The Mansion of Wonders was actually a couple of rooms to the rear of a shop at number 259 Whitechapel Road. Archibald informed me that until just two years before a famous grotesque, Joseph Merrick the Elephant Man, was on display there, and that the freak had been forced to sit in the shop window to attract the crowds. He is now in the London Hospital, of course. I’m sure, like most of the genteel classes in England, you have followed the strange man’s story in The Times. But even with Merrick gone, there still remained plenty of interesting things to see at the freak show, although they were perhaps not in the same league. On the evening Archibald took me to the Mansion, we saw the Giantess of the Mountains, a woman no less than eight foot tall. She was more or less in proportion, though everything about her was laughably expanded.

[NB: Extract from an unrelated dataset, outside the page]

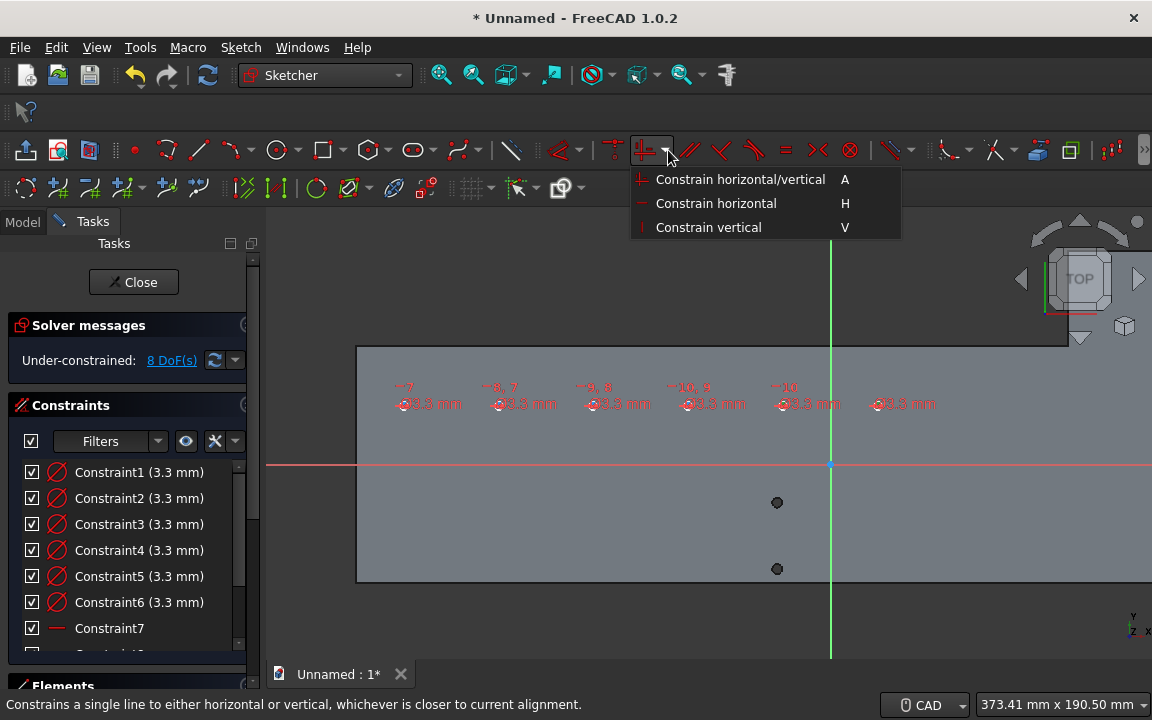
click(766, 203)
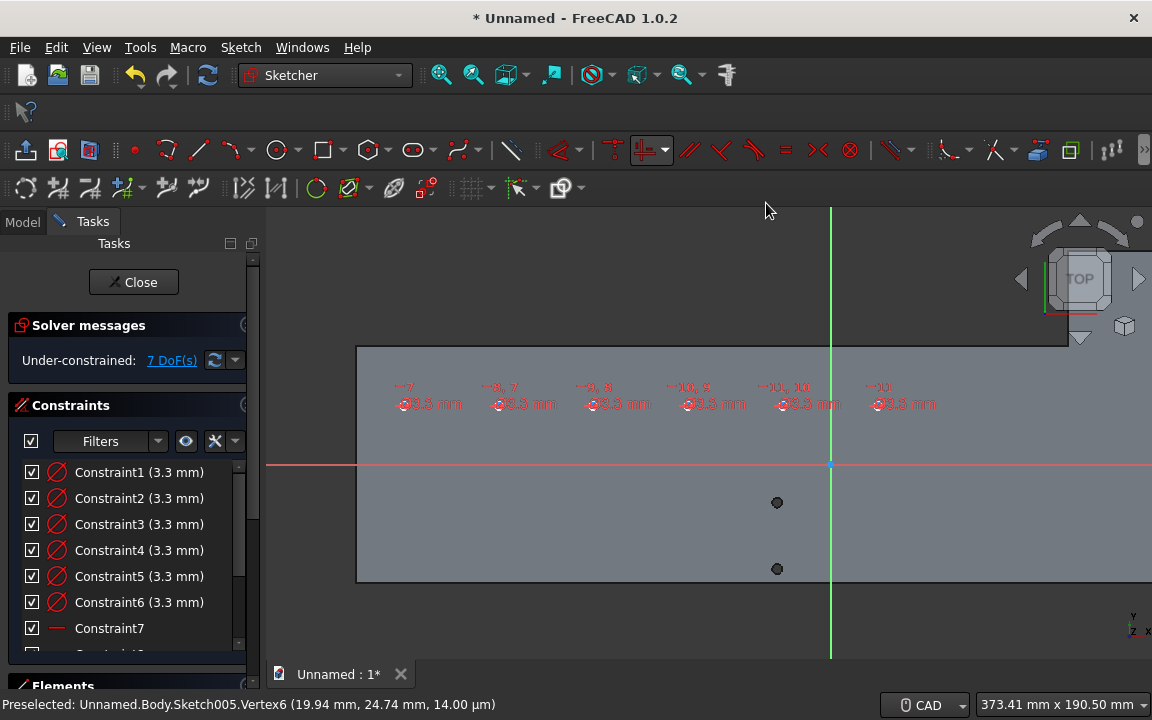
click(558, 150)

Her head was almost twice the size of mine.

In the next room sat the Siamese twins, a couple of elderly gentlemen joined by a six-inch strip of thick pink flesh along their sides. They had apparently been in the freak-show business for almost forty years. After we had enjoyed a good chuckle at the twins, they were taken away and Agatha, the world’s hairiest woman, was brought in. For me, she was the oddest of the collection, because, if one were to ignore the fact that she was covered from head to foot with thick black hair, she was otherwise a normal human being.

Archibald was moved by the sight, I could tell. And I know why. It was the woman’s eyes. They were perfectly shaped, large and dark brown, quite beautiful really. But the thing that must have stirred his emotions was the way those eyes peered out from that horrible globe of hair. They possessed an imploring stillness, an almost noble resignation. Archibald was deeply saddened by the experience whereas I felt a wonderful thrill. The woman’s expression was so similar to that of Fred, the boy I had let drown so many years ago. Looking at Agatha, I felt something close to ecstasy. I wanted to laugh uproariously. It was only a sense of decorum that stopped me. I did not care about the sensibilities of those around me, but I did not want to draw attention to myself. At least not there and then.